Learning new physics with AI

It is has been quite a while since I last posted. I was reminded to write something by a nice remark about the blog from a colleague at Microsoft who I met through an Engineering and Physical Sciences Research Council event. He also pointed me to a fascinating blog by Neil Dalchau at Microsoft on how to use machine learning to pin down parameters in models that can only be solved numerically. I was very excited by this because, as it happens, this has become a focus of our own research.

Before I discuss that in a future blog though, I want to share what I think is an exciting example of where machine learning can help us learn more from existing data than we previously thought possible.

First, recall that I’m fascinated by the physics behind structural evolution that leads to images like these:

Ultimately we want to know how a structure relates to some property of the material, which might be its strength or how it absorbs light, depending on the intended application. Ideally, we want a succinct way to characterise these structures. A very powerful experimental approach involves shining a beam of some sort (neutrons are particularly good if the mixture is different polymers, but X-rays or light can also be used), and observing how the beam is affected as it exits the material. A significant piece of information we obtain is a length scale, which tells us something about the size of the structures inside our material. The problem is that the length scale is not unique to a given structure. As an example, the two structures above have the same length scale according to a scattering experiment, as shown in the figure below, but just by looking at images above we can see that they are different. On the left, the structure corresponds to droplets of one type of polymer in a matrix of another, whilst we refer to the structure on the right as co-continuous.

How neutrons “see” the two structures above. The horizontal axis represents the angle that some neutrons are scattered by the structures away from the direct beam, most of which passes through the sample without being affected. The peak position tells us the size of the structures inside the material. The further to the right the peak is, the smaller the structures, but in this case the peaks are in the same place telling us that both structures have the same size even thought they are otherwise very different.

By borrowing tools from cosmology, scientists in the 1990s proposed some extra measures that can characterise the structure. These characteristics, known as Minkowski functionals, are volume, surface area, curvature and connectivity. Volume represents the relative volume occupied by each of the two phases. Surface area is the total contact area between the two structures. Curvature is a measure of how curved the structures are – small spheres have a much higher curvature than large spheres. Connectivity, also called the Euler measure, tells us how easy it is to trace a path from one part of the structure that is occupied by one of the polymers to another that is occupied by the same polymer without having to pass through regions occupied by the other polymer. A droplet structure has low connectivity – if you are inside one droplet you cannot trace e a path to another droplet without passing through the matrix of the other polymer. An ideal co-continuous structure will have perfect connectivity – you can reach anywhere that is also occupied by the same polymer without having to pass through a region occupied by the other polymer.

The challenge with experimentally determining Minkowski functionals is that it remains difficult to obtain three dimensional images of internal structures.
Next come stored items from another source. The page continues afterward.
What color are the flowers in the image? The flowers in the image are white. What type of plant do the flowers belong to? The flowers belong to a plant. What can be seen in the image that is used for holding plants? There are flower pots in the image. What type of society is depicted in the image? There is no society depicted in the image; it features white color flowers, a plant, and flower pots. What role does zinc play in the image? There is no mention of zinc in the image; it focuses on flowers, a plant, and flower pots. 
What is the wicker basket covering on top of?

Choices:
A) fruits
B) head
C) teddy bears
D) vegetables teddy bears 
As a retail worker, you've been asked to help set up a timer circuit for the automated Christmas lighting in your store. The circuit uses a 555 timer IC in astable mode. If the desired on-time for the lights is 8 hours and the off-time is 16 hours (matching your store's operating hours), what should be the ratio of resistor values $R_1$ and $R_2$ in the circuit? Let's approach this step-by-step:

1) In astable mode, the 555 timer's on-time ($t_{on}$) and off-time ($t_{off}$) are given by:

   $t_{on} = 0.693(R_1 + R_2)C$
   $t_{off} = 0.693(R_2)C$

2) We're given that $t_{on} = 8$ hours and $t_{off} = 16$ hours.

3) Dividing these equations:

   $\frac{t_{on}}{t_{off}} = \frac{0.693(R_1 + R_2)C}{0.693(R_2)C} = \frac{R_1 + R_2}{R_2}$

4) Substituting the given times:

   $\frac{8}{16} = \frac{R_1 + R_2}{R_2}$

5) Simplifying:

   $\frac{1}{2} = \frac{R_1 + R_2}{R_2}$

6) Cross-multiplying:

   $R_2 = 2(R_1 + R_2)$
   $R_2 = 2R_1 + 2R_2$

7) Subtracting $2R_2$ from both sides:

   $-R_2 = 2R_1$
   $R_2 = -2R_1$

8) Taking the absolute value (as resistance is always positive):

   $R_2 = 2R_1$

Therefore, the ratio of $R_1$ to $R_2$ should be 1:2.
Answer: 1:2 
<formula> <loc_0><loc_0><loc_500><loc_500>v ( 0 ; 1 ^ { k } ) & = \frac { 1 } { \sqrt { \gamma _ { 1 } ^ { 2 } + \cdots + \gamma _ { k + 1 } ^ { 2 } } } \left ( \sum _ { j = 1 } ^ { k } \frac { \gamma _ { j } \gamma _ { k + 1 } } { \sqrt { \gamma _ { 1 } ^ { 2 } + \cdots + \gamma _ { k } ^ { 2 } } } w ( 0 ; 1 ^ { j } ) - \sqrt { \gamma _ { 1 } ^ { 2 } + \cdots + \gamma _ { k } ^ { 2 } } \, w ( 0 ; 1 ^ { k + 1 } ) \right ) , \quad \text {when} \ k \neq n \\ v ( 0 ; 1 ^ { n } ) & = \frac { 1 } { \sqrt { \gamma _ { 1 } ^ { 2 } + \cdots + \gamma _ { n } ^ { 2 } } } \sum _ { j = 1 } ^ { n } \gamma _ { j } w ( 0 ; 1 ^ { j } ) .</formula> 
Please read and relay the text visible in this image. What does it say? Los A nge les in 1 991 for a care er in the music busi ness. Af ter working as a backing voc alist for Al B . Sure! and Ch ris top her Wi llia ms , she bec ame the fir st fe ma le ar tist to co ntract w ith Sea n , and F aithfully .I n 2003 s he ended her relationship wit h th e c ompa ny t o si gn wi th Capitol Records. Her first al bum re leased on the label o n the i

Confocal microscopy is one tool for doing this, but it is limited to structures of the order of microns, whilst many mixtures have structures that are much smaller. There have been amazing developments in X-ray and neutron tomography which do enable the images to be obtained, but it is still much more time consuming and costly compared to scattering experiments.

It would be really nice if we could learn more from the scattering than just the length scale. The question we asked ourselves was is there a relation between the scattering and Minkowski functionals? A strong motivation for this is that we know that the volume can be obtained from the scattering from a reasonably simple mathematical relation, so perhaps it is also the case that the other functionals are also hidden in the scattering data.

To answer this question we trained some machine learning algorithms on pairs of scattering data and Minkowski functionals both calculated from the same microstructure image. We did this for approximately 200 different pairs with different microstructures. We then tested the algorithm to predict the Minkowski functionals given 200 different scattering data that it had not previously seen and compared the ML predictions with the direct calculations. The results were considerably more impressive than I anticipated!

Machine learning predictions for the Minkowski connectivity or Euler measure based on scattering data compared to the observed values. The match is excellent apart from at the two extremes of the values for the connectivity.

We’ve since refined our algorithm further and the early indications are that we can do even better at the extreme values, which is a reminder that whilst machine learning is a black box technique, how the question is framed and how the data is prepared remain crucial to success.